Oct. 20, 1964 J. R. TOMLINSON ENCAPSULATION OF ELECTRONIC CIRCUITS Filed June 2. 1959 INVENTOR JOSEPH R TOMLINSON B) Q 2 Z ATTORNEY United States Patent 3,153,694 ENCAPSULATION OF ELECTRONIC CIRCUITS Joseph R. Tomiinson, Rocky River, Ohio, assignor, by mesne assignments, to the United States of America as represented by the Secretary of the Army Filed June 2, 1959, Ser. No. 817,665 4 Claims. (Cl. 17452) This invention relates to the encapsulation of an electronic circuit in a protective medium, and more particularly, to the encapsulation of an electronic circuit in polyurethane resin.
Polyurethane resins have been known for some time to the chemical industry. These resins are generally made by reacting a diisocyanate with an organic compound containing at least two hydroxyl groups per molecule, as for example, a glycol. This resin may be conveniently foamed by adding water to an excess of the diisocyanate. The foaming action may be catalyzed by the introduction of a tertiary aliphatic amine into the reaction mixture. The foam thus produced may be rigid, semi-rigid, or flexible, depending upon the amounts of various components employed. A cross-linking agent, such as polypropylene oxide, for example, is generally used to increase the stiff ness of the foam.

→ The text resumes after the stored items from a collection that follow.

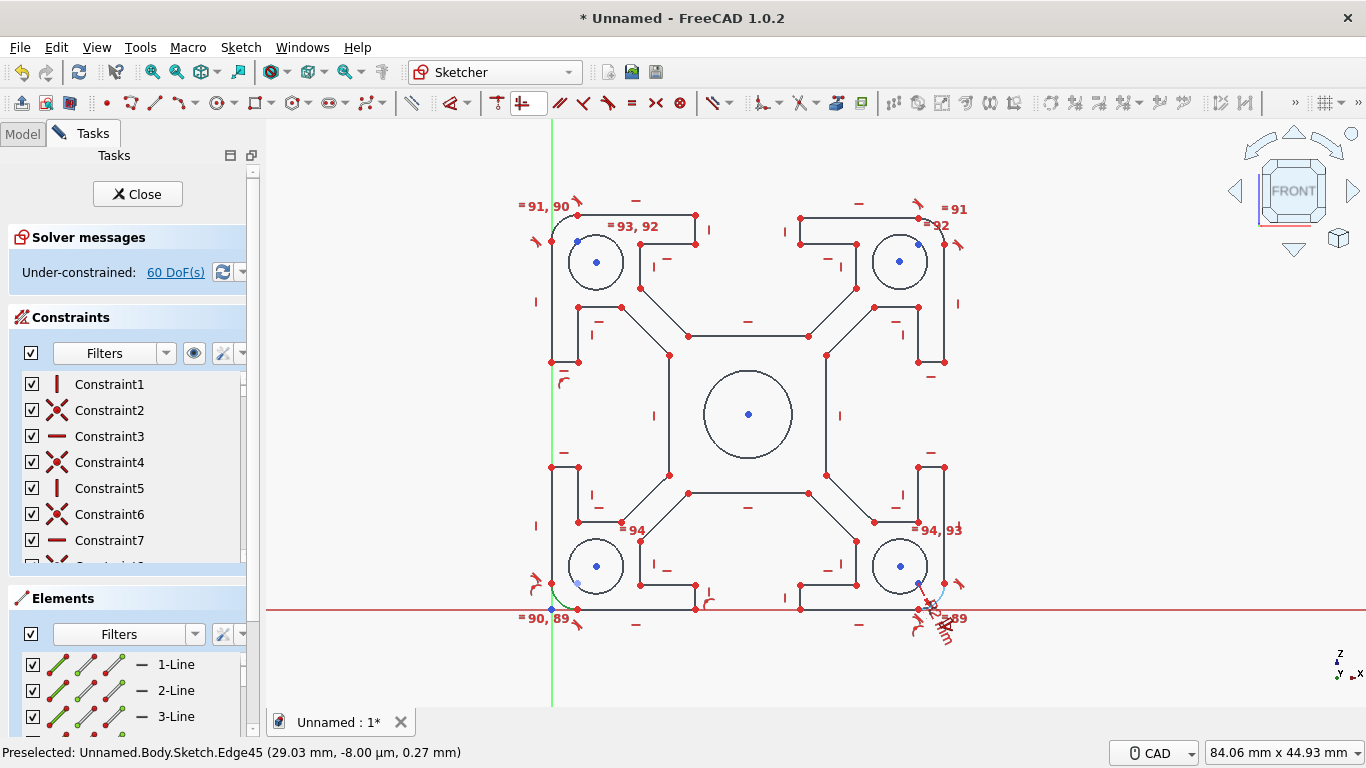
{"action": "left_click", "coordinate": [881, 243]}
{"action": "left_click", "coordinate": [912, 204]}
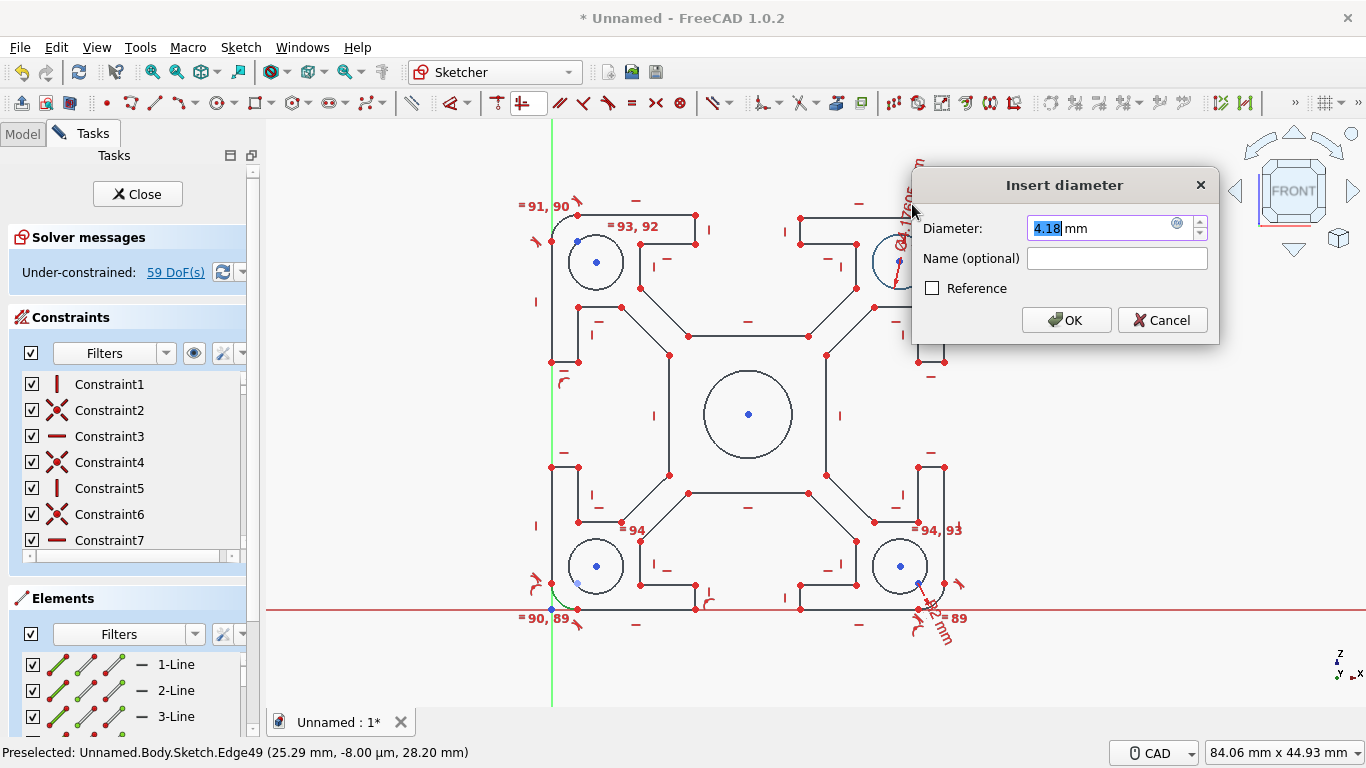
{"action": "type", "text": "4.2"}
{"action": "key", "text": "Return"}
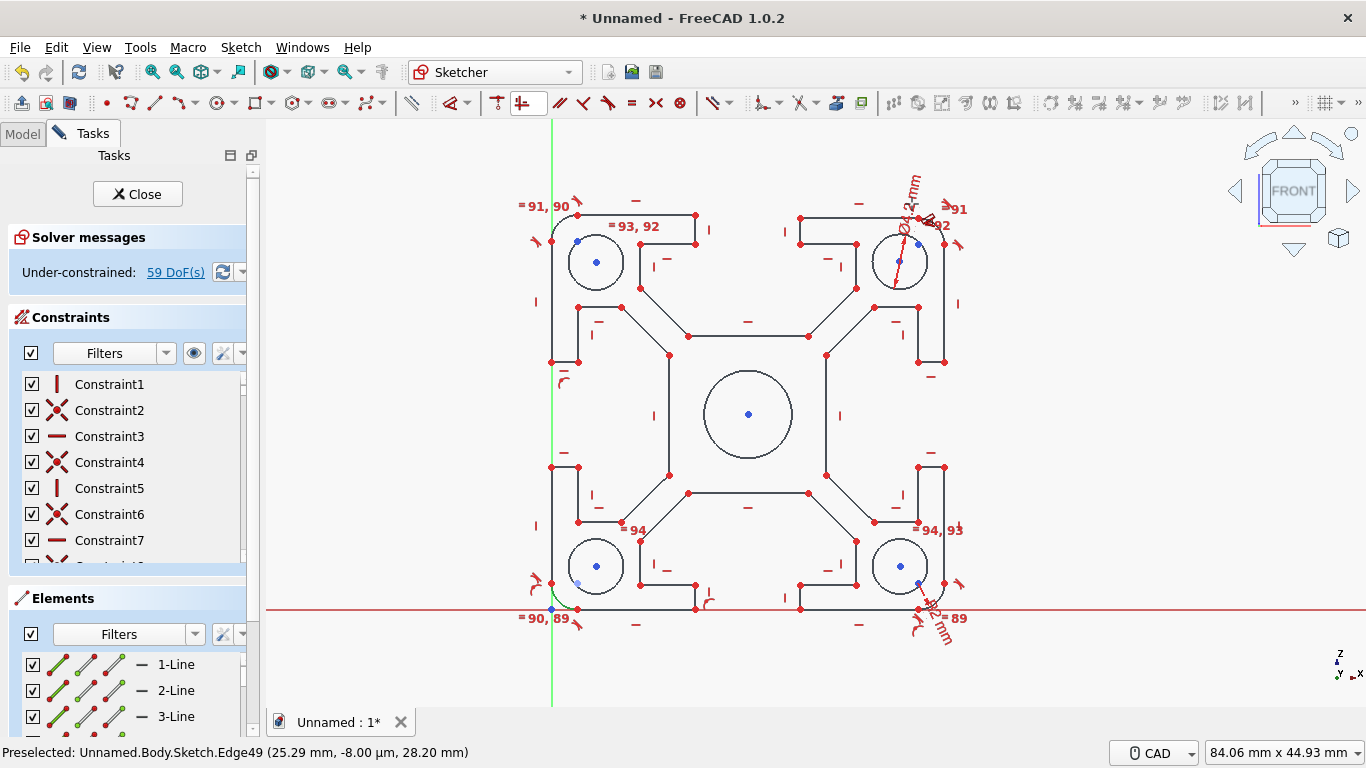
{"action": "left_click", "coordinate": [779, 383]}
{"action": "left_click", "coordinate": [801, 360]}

The principal object of the invention is to provide an improved encapsulated and protected electronic circuit. Broadly stated, this object is accomplished by disposing an electronic circuit in an open top container, and dispensing a predetermined amount of a foam-in-place polyurethane resin formulation of the closed pore, rigid type around the electronic circuit. If desired the container may be capped during the foaming period and until the foam is sufficiently hardened.
The term electronic circuit as used herein and in the appended claims refers to any of the various electrical components which may be used in an electrical circuit along with their connecting leads.
The invention will be more readily understood by reference to the accompanying drawing, wherein:
FIG. 1 is a plan view of an electronic circuit which has been encapsulated according to the principles of the invention; and
FIG. 2 is a section view along line 22 of the encapsulated electronic circuit of FIG. 1.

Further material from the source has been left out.